[[ STORED DATA open ]]

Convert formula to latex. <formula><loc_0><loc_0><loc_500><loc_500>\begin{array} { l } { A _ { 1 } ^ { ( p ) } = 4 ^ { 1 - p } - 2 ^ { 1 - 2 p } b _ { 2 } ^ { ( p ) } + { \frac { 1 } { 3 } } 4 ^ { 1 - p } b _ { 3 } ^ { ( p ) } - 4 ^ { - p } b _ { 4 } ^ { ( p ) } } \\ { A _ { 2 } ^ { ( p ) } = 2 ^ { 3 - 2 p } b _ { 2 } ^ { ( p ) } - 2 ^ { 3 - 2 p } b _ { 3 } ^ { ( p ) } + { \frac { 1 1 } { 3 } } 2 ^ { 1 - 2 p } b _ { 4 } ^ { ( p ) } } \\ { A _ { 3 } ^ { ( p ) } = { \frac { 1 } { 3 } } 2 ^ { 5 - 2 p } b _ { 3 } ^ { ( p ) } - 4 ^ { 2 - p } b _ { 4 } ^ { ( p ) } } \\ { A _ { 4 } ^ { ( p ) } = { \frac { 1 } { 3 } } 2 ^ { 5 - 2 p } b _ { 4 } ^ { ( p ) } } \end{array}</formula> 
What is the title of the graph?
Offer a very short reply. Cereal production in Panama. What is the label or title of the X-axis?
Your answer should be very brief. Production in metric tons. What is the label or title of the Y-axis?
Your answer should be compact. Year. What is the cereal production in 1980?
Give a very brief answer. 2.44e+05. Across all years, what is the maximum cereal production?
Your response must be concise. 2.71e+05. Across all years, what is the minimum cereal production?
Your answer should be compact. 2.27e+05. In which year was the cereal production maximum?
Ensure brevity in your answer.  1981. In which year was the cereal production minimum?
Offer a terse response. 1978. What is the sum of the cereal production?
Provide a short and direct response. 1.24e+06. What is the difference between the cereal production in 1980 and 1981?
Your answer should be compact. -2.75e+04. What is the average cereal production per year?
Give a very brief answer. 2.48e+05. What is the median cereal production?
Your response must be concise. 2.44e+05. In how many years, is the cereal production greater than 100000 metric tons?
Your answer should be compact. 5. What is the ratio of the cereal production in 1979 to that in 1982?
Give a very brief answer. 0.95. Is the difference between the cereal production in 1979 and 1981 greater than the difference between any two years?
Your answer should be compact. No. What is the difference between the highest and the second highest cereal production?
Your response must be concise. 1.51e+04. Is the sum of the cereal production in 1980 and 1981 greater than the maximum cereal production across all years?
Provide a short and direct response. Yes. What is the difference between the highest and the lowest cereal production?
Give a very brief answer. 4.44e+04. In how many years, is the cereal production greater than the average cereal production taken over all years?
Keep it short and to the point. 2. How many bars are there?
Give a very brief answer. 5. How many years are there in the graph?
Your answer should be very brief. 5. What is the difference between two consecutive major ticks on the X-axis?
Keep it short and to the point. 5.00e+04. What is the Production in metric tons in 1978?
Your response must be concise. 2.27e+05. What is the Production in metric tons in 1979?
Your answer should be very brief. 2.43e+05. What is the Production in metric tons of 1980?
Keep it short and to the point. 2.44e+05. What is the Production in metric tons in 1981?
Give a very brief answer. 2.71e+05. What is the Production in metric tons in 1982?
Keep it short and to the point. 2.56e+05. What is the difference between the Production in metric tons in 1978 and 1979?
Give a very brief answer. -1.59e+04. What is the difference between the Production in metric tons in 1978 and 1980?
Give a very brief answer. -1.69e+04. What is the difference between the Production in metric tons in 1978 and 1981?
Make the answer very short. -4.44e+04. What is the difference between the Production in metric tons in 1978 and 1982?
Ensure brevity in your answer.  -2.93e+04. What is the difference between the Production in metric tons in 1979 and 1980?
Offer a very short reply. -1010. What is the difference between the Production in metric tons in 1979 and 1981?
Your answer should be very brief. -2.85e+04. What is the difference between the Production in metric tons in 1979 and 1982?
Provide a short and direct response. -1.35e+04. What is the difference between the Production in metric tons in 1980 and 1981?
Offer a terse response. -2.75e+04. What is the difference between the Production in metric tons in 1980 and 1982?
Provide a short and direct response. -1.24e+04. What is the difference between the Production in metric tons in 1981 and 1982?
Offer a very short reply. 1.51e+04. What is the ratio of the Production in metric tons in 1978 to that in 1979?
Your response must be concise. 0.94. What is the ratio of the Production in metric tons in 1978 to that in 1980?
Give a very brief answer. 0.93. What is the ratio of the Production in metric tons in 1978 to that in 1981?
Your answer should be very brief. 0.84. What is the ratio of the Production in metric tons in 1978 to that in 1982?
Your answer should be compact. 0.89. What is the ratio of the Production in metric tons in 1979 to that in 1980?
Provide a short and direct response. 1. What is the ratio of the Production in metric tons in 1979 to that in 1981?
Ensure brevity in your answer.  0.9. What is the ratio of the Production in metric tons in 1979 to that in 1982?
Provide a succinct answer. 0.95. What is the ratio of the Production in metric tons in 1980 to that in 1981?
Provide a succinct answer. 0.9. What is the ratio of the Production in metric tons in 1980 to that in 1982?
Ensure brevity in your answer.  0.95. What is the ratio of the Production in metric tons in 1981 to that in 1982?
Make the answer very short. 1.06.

[[ STORED DATA closed ]]
[[ STORED DATA open ]]

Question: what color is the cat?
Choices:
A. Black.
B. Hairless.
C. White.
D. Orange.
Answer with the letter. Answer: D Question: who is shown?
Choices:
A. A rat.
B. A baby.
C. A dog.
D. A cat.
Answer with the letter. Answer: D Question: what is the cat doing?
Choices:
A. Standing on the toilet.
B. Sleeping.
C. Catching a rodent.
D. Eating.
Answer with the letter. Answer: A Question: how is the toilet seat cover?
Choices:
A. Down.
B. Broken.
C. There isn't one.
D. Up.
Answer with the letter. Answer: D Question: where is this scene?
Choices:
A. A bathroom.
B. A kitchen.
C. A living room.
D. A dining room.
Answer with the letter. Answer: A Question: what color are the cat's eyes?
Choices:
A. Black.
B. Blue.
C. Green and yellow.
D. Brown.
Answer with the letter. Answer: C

[[ STORED DATA closed ]]
[[ STORED DATA open ]]

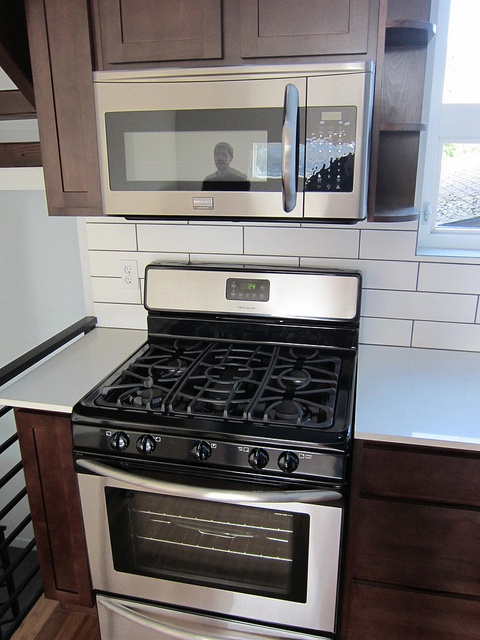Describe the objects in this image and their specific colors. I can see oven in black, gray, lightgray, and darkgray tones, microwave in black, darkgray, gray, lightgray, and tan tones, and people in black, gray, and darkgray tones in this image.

[[ STORED DATA closed ]]

▸ **WORK INSTRUCTIONS**: Retype exactly, and only, the lines above from the one where "B. A kitchen." occurs up to and including the one where "Answer with the letter. Answer: C" occurs.

▸ **WRITTEN ANSWER**:
B. A kitchen.
C. A living room.
D. A dining room.
Answer with the letter. Answer: A Question: what color are the cat's eyes?
Choices:
A. Black.
B. Blue.
C. Green and yellow.
D. Brown.
Answer with the letter. Answer: C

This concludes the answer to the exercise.